[Records from a data collection]
..........

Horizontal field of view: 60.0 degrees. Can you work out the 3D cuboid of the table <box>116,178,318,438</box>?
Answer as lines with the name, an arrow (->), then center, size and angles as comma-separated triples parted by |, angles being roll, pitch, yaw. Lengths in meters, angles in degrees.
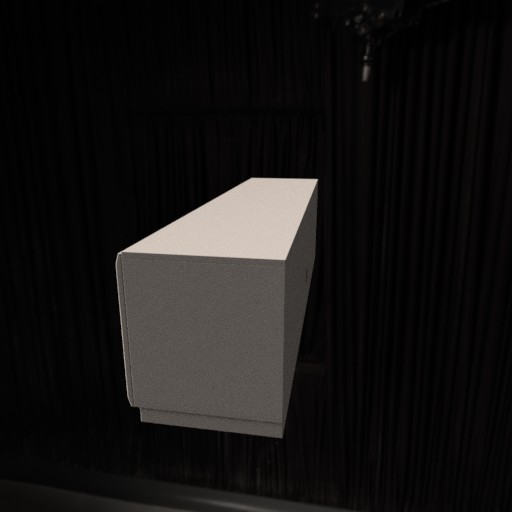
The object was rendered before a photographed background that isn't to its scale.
table -> 0.000, 0.000, 1.738 | 0.400, 0.440, 1.550 | 3, 16, 10
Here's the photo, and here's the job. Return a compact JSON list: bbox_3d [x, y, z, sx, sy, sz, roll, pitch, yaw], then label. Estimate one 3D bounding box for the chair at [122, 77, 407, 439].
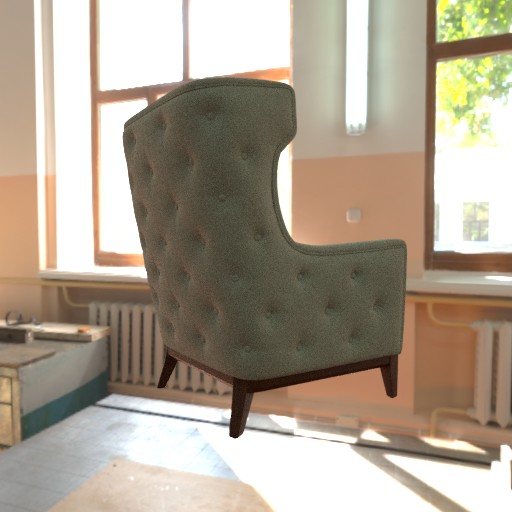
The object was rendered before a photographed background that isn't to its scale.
[{"bbox_3d":[0.000,0.000,1.715,0.899,1.079,0.778,-1,3,-36],"label":"chair"}]
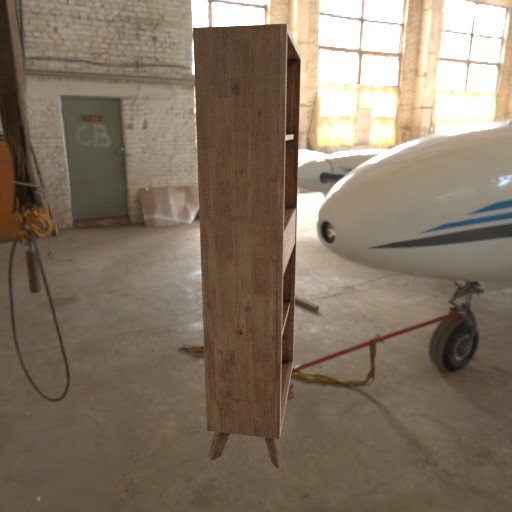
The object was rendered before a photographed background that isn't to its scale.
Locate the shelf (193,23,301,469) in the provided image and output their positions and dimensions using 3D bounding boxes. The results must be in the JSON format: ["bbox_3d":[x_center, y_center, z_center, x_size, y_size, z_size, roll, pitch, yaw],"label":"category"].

..........

## To do
Copy out, from the data above, each line where the string "roll" is present.

## Result of this exercise
Answer as lines with the name, an arrow (->), then center, size and angles as comma-separated triples parted by |, angles being roll, pitch, yaw. Lengths in meters, angles in degrees.
Here's the photo, and here's the job. Return a compact JSON list: bbox_3d [x, y, z, sx, sy, sz, roll, pitch, yaw], then label. Estimate one 3D bounding box for the chair at [122, 77, 407, 439].
Locate the shelf (193,23,301,469) in the provided image and output their positions and dimensions using 3D bounding boxes. The results must be in the JSON format: ["bbox_3d":[x_center, y_center, z_center, x_size, y_size, z_size, roll, pitch, yaw],"label":"category"].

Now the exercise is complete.